== PROVIDED DATA

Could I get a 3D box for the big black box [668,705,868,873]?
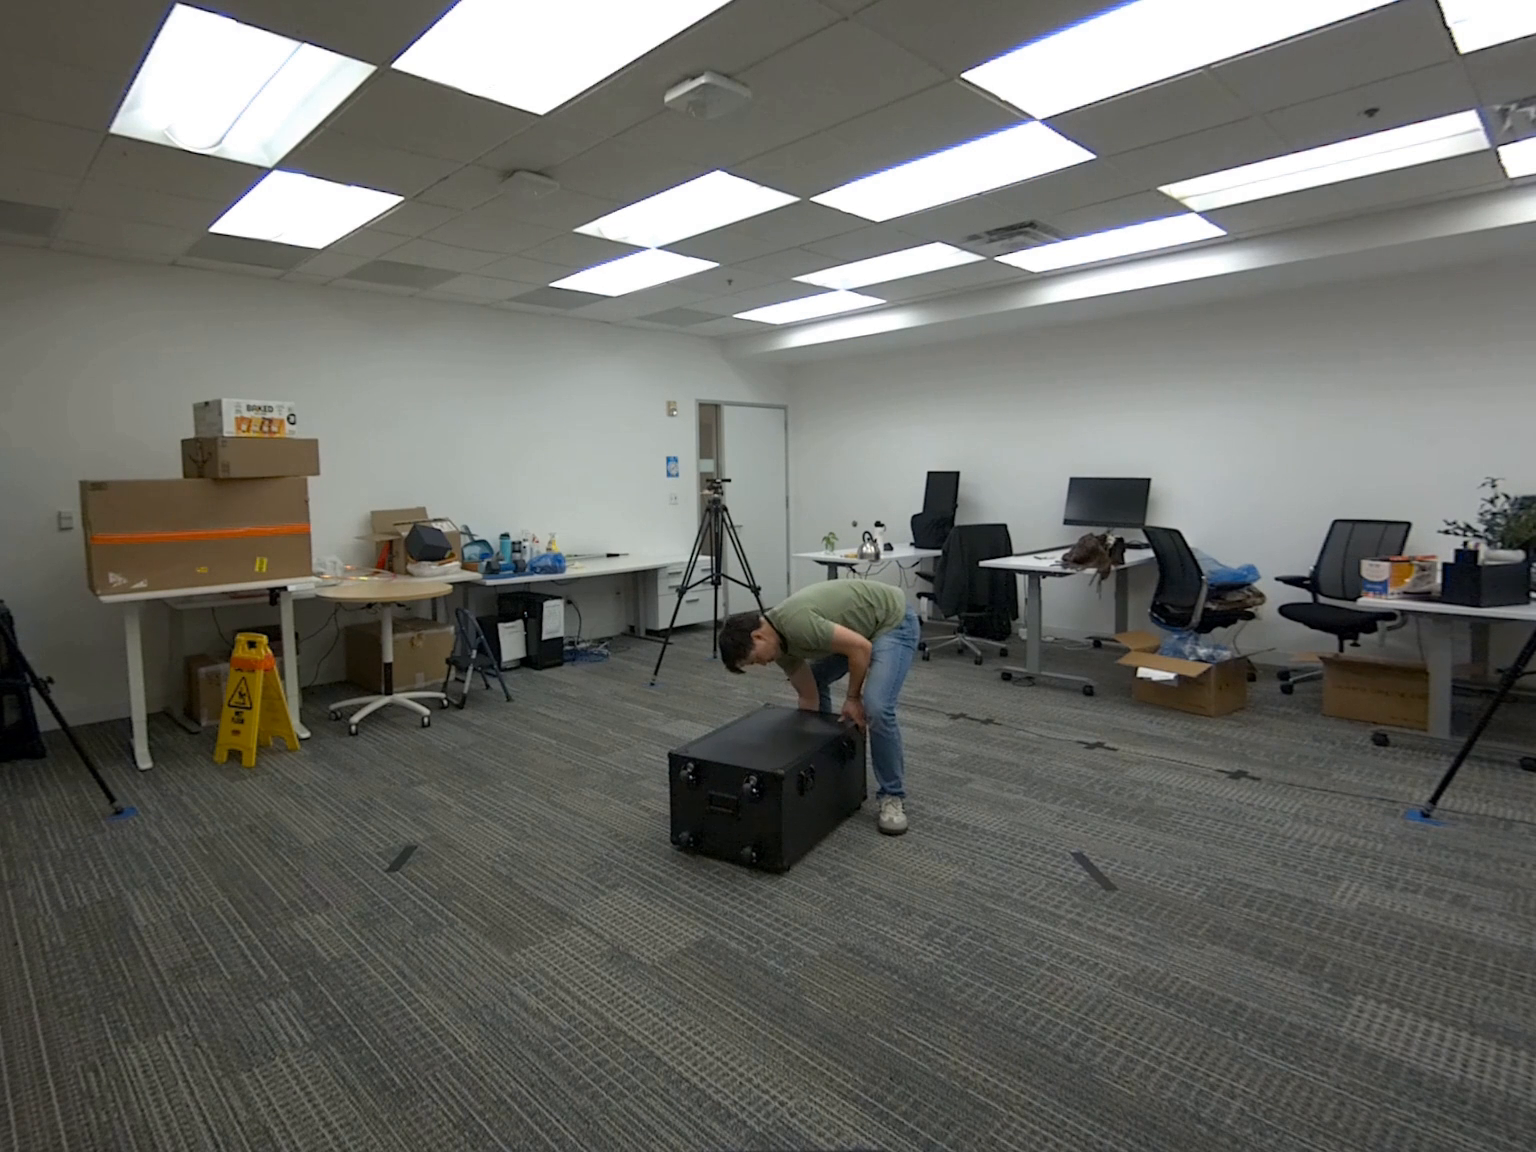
[{"bbox_3d":[0.002,0.823,3.392,0.535,0.395,0.842,3,6,29],"label":"big black box"}]
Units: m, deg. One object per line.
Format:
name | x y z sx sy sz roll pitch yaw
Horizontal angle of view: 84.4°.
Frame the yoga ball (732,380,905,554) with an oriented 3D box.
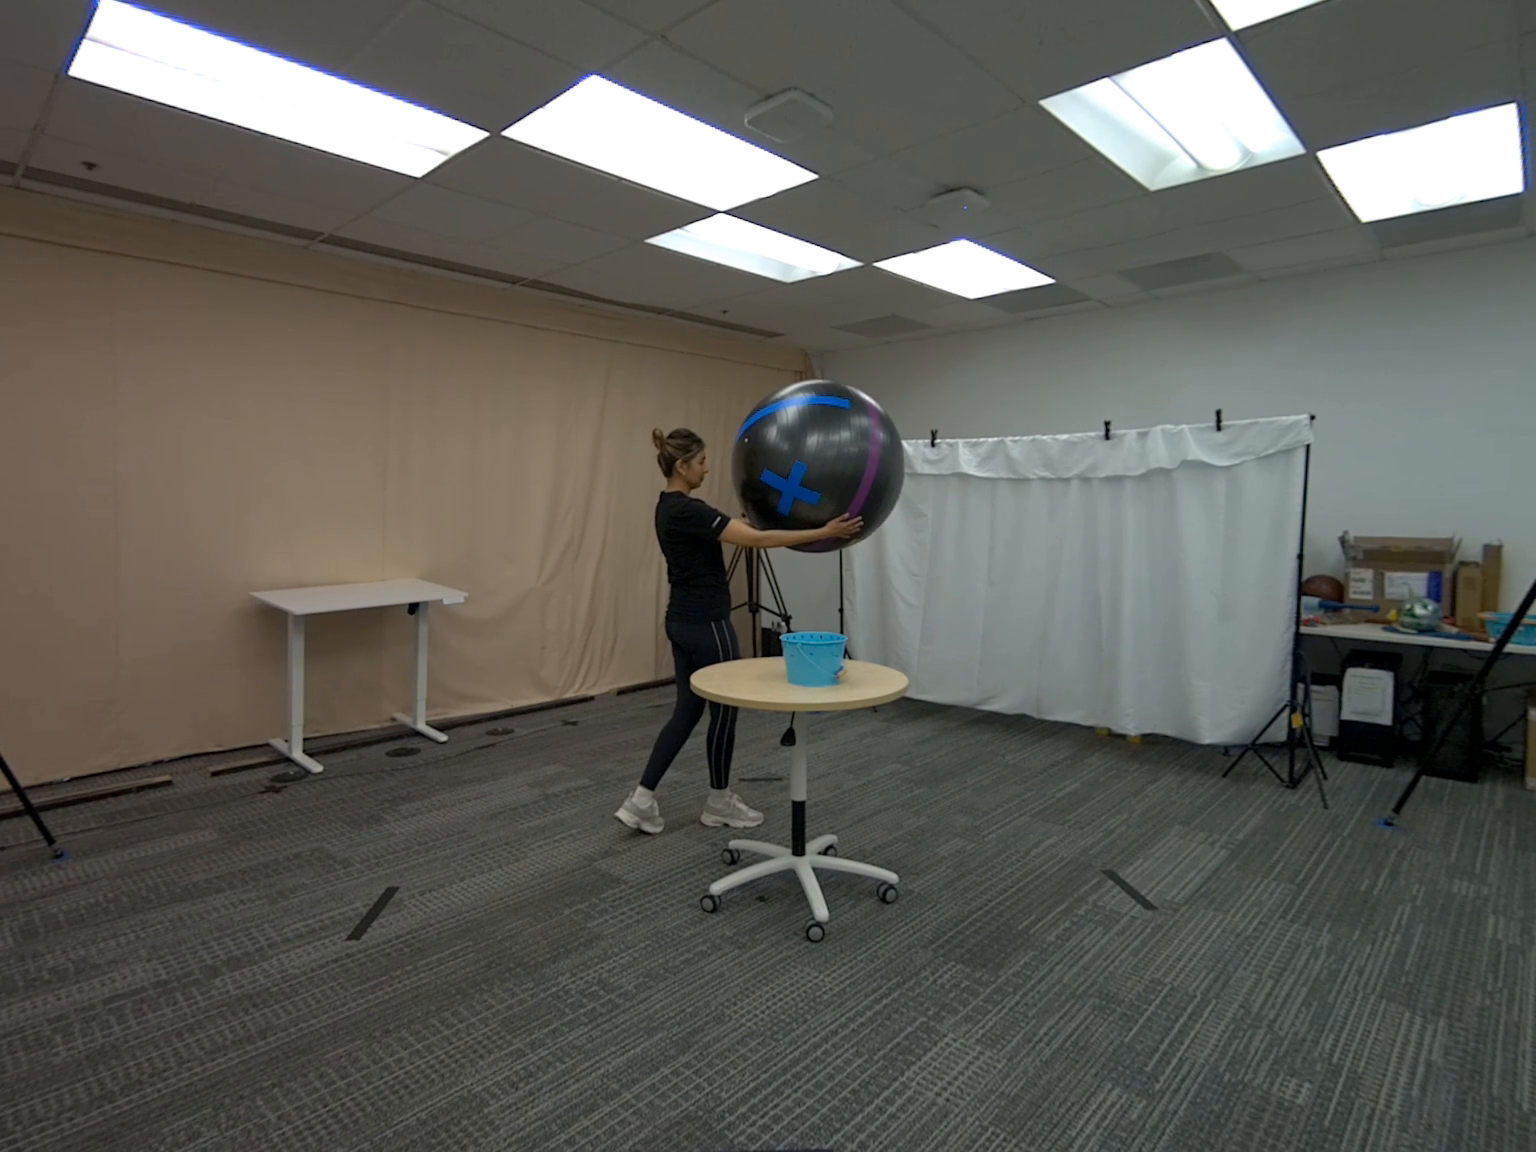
yoga ball | 0.220 -0.468 3.707 0.757 0.756 0.761 0 4 -2
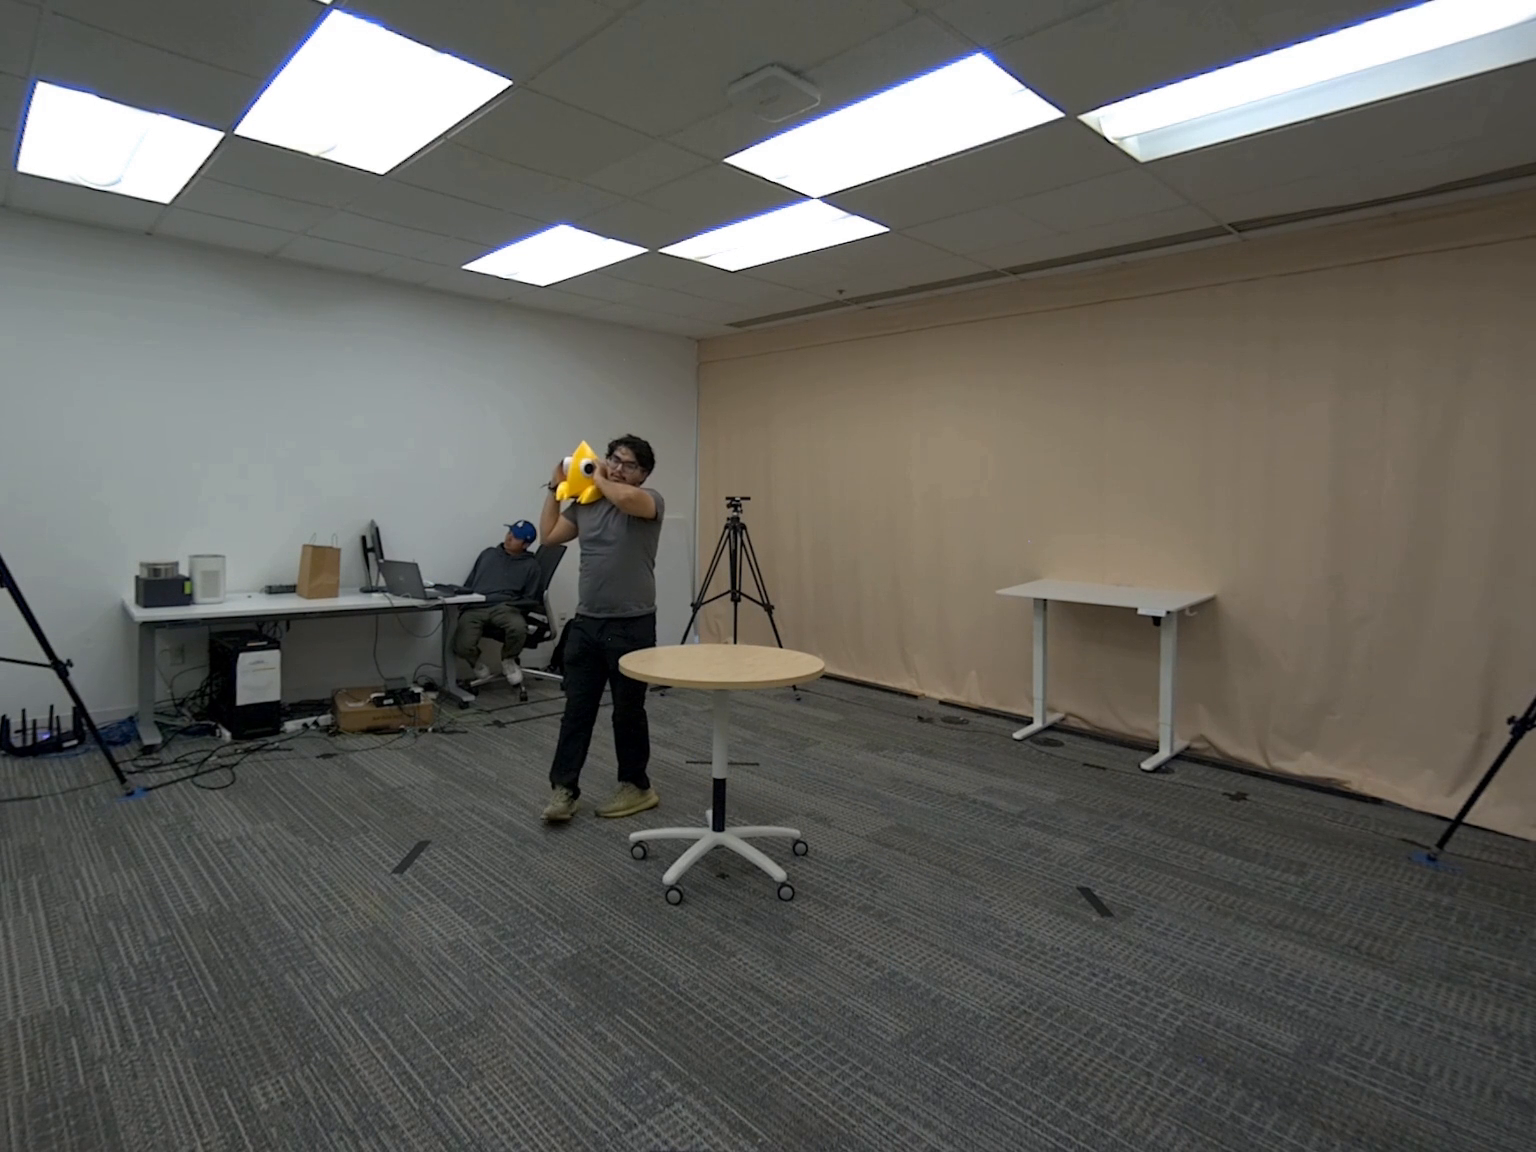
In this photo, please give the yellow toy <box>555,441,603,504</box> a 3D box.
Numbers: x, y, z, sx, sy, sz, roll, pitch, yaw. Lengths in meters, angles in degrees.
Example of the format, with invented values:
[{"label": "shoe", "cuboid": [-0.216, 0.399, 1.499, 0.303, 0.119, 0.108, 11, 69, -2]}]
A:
[{"label": "yellow toy", "cuboid": [-0.823, -0.458, 3.644, 0.209, 0.227, 0.192, 8, 26, 23]}]

====

_EXERCISE PROMPT_
Output, line for line and exactly, the records above from their first line through the one with "Horizontal angle of view: 84.4°.", both ends included, but no pictures.

_WORKED SOLUTION_
Could I get a 3D box for the big black box [668,705,868,873]?
[{"bbox_3d":[0.002,0.823,3.392,0.535,0.395,0.842,3,6,29],"label":"big black box"}]
Units: m, deg. One object per line.
Format:
name | x y z sx sy sz roll pitch yaw
Horizontal angle of view: 84.4°.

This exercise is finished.